The system of matrix needed to solve the problem will be;


\begin{bmatrix}{1} & {1} & {1} \\ {45} & {15} & {60} \\ {1} & {-1} & {0}\end{bmatrix}\begin{bmatrix}{x} \\ {y} \\ {z}\end{bmatrix}=\begin{bmatrix}{35} \\ {1350} \\ {10}\end{bmatrix}

Step-by-step explanation:

Let x, y and z represent the number of cots, chairs, and tables the airport bought.

Given;

The airport bought cots, chairs, and tables totaling 35. the total number of cots, chairs and tables bought is 35. So, we have;


x+y+z=35\text{ ---------1}

If they bought cots at $45 each, chairs for $15 each, and tables for $60 each. And they spent a total of $1350 on the furniture.

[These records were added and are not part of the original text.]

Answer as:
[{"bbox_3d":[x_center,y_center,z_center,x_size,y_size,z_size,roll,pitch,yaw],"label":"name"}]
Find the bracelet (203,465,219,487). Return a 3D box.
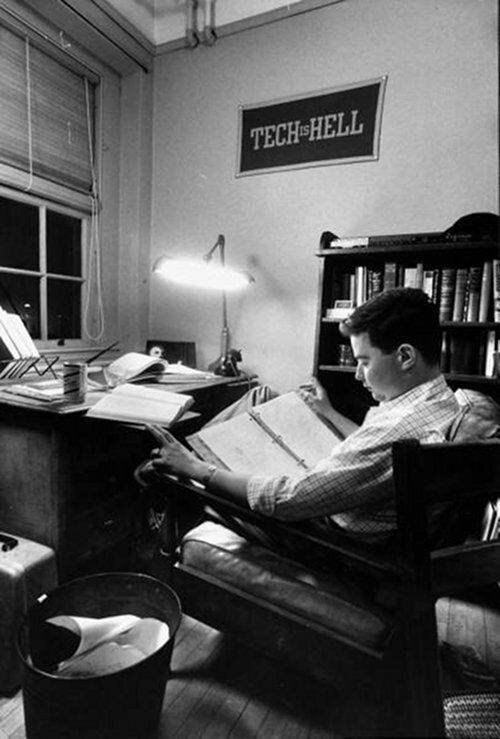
[{"bbox_3d":[-0.079,0.205,1.085,0.018,0.010,0.033,5,33,17],"label":"bracelet"}]

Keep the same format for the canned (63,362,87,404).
[{"bbox_3d":[-0.463,0.032,1.481,0.056,0.100,0.092,-3,9,-15],"label":"canned"}]

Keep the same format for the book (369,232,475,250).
[{"bbox_3d":[0.637,-0.487,2.110,0.403,0.061,0.208,4,11,26],"label":"book"}]
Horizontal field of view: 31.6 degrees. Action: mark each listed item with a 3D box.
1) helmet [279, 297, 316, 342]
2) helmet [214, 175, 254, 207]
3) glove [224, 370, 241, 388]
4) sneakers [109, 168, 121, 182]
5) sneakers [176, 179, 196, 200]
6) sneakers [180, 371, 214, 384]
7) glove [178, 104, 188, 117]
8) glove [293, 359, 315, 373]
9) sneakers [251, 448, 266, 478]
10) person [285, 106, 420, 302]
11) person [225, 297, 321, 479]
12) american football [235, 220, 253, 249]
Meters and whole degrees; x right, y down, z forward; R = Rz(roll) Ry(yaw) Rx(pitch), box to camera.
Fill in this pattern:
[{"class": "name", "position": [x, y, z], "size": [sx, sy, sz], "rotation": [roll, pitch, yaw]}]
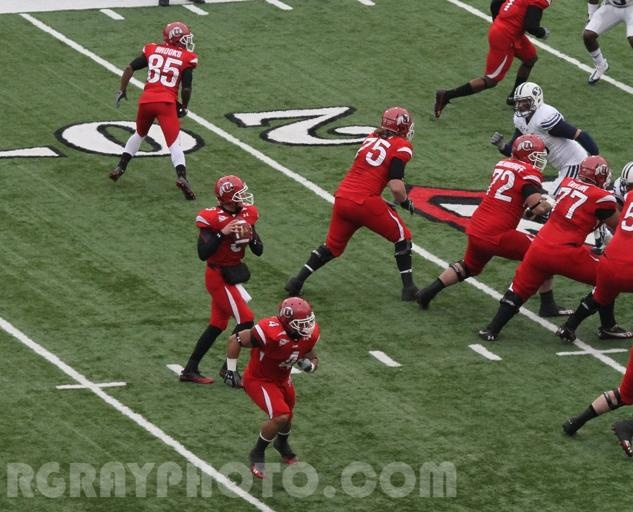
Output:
[{"class": "helmet", "position": [-0.143, 0.470, 8.615], "size": [0.306, 0.292, 0.233], "rotation": [18, 40, 10]}, {"class": "helmet", "position": [-0.688, -0.555, 9.569], "size": [0.312, 0.284, 0.216], "rotation": [3, 40, -8]}, {"class": "glove", "position": [-0.645, 0.956, 8.771], "size": [0.090, 0.072, 0.199], "rotation": [-8, 22, -23]}, {"class": "sneakers", "position": [-2.279, -0.918, 12.862], "size": [0.089, 0.083, 0.198], "rotation": [10, -14, -32]}, {"class": "sneakers", "position": [-1.458, -0.743, 12.649], "size": [0.165, 0.329, 0.096], "rotation": [-2, 75, 12]}, {"class": "sneakers", "position": [-1.053, 1.059, 9.860], "size": [0.352, 0.081, 0.101], "rotation": [2, 5, -4]}, {"class": "glove", "position": [-1.524, -1.671, 12.962], "size": [0.138, 0.120, 0.121], "rotation": [-4, 31, -8]}, {"class": "glove", "position": [-0.116, 0.854, 8.833], "size": [0.139, 0.063, 0.170], "rotation": [21, -1, -34]}, {"class": "sneakers", "position": [-0.454, 1.619, 8.842], "size": [0.109, 0.214, 0.119], "rotation": [-14, 2, -20]}, {"class": "person", "position": [0.535, -0.484, 11.102], "size": [1.258, 1.764, 1.279], "rotation": [10, 40, -2]}, {"class": "person", "position": [-0.369, 0.989, 8.793], "size": [0.704, 1.428, 0.851], "rotation": [8, 41, -5]}, {"class": "american football", "position": [-0.597, -0.213, 9.535], "size": [0.149, 0.243, 0.216], "rotation": [9, 39, -4]}]
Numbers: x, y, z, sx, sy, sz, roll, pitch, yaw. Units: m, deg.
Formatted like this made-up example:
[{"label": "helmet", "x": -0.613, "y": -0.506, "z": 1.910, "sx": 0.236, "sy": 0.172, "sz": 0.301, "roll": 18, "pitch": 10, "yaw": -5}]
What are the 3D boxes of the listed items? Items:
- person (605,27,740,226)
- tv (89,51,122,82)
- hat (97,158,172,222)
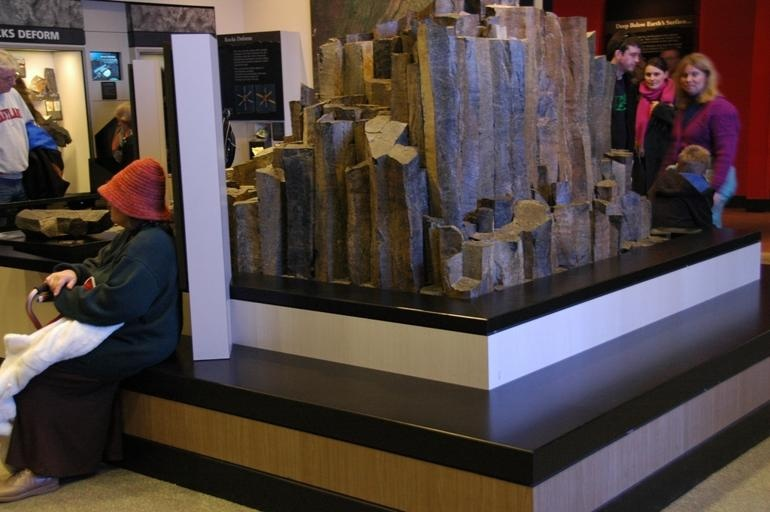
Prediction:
[{"label": "person", "x": 2.326, "y": -1.075, "z": 5.570, "sx": 0.770, "sy": 1.408, "sz": 1.574, "roll": 1, "pitch": 15, "yaw": 8}, {"label": "tv", "x": -3.197, "y": -2.161, "z": 7.804, "sx": 0.050, "sy": 0.331, "sz": 0.363, "roll": 1, "pitch": 6, "yaw": 44}, {"label": "hat", "x": -1.254, "y": -0.326, "z": 3.502, "sx": 0.308, "sy": 0.220, "sz": 0.327, "roll": 37, "pitch": 22, "yaw": 23}]

Then the total cost is the sum of the cost of each type of furniture;


45x+15y+60z=1350\text{ ----------2}

And also, The number of chairs they purchased was 10 less than the number of cots. So, we have;


\begin{gathered} y=x-10 \\ x-y=10\text{ --------3} \end{gathered}

So we have the three equations needed.

We can combine the 3 equations to form a matrix.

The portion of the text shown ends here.